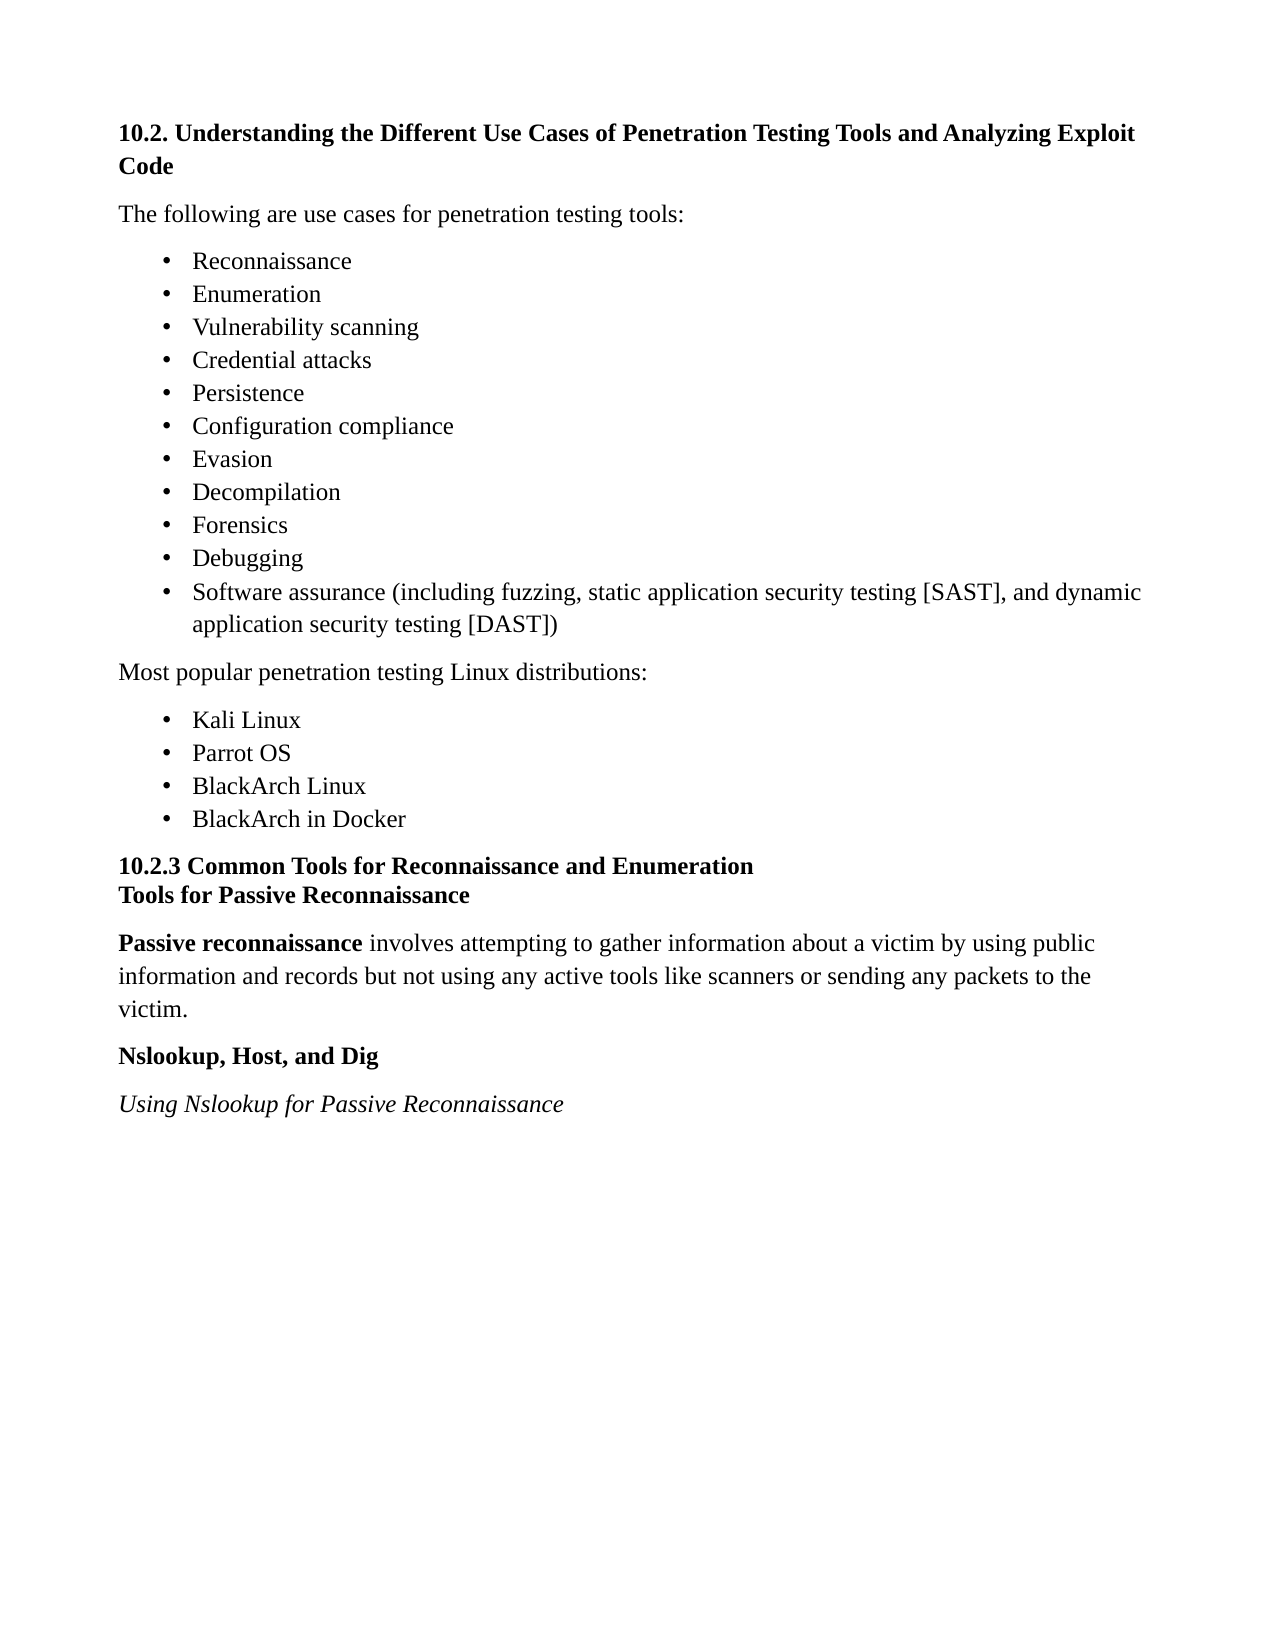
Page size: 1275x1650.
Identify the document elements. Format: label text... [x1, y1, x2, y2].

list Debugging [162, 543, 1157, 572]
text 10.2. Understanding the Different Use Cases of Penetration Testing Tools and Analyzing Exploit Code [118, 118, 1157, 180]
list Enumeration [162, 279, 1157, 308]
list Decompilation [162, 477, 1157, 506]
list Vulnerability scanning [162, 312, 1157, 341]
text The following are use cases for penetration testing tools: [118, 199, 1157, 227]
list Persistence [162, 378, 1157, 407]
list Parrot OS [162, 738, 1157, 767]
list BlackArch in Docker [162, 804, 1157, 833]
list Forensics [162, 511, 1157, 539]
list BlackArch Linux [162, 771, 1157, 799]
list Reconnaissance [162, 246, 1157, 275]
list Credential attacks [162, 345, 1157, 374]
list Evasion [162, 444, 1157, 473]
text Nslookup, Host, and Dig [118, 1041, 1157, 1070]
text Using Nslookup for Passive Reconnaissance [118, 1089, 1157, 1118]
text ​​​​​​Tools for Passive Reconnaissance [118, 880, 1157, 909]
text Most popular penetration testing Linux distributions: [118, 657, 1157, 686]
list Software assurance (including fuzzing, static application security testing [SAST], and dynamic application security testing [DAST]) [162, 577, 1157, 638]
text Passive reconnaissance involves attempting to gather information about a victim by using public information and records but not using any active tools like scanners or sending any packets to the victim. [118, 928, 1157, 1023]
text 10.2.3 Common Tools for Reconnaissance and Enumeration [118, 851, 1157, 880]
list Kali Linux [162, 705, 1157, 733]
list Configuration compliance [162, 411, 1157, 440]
○ ○ ○ ○
= Task =
What you return must match, line for line, the data from the line containing "list Credential attacks [162, 345, 1157, 374]" to its end, both ends included.

= Response to the task =
list Credential attacks [162, 345, 1157, 374]
list Evasion [162, 444, 1157, 473]
text Nslookup, Host, and Dig [118, 1041, 1157, 1070]
text Using Nslookup for Passive Reconnaissance [118, 1089, 1157, 1118]
text ​​​​​​Tools for Passive Reconnaissance [118, 880, 1157, 909]
text Most popular penetration testing Linux distributions: [118, 657, 1157, 686]
list Software assurance (including fuzzing, static application security testing [SAST], and dynamic application security testing [DAST]) [162, 577, 1157, 638]
text Passive reconnaissance involves attempting to gather information about a victim by using public information and records but not using any active tools like scanners or sending any packets to the victim. [118, 928, 1157, 1023]
text 10.2.3 Common Tools for Reconnaissance and Enumeration [118, 851, 1157, 880]
list Kali Linux [162, 705, 1157, 733]
list Configuration compliance [162, 411, 1157, 440]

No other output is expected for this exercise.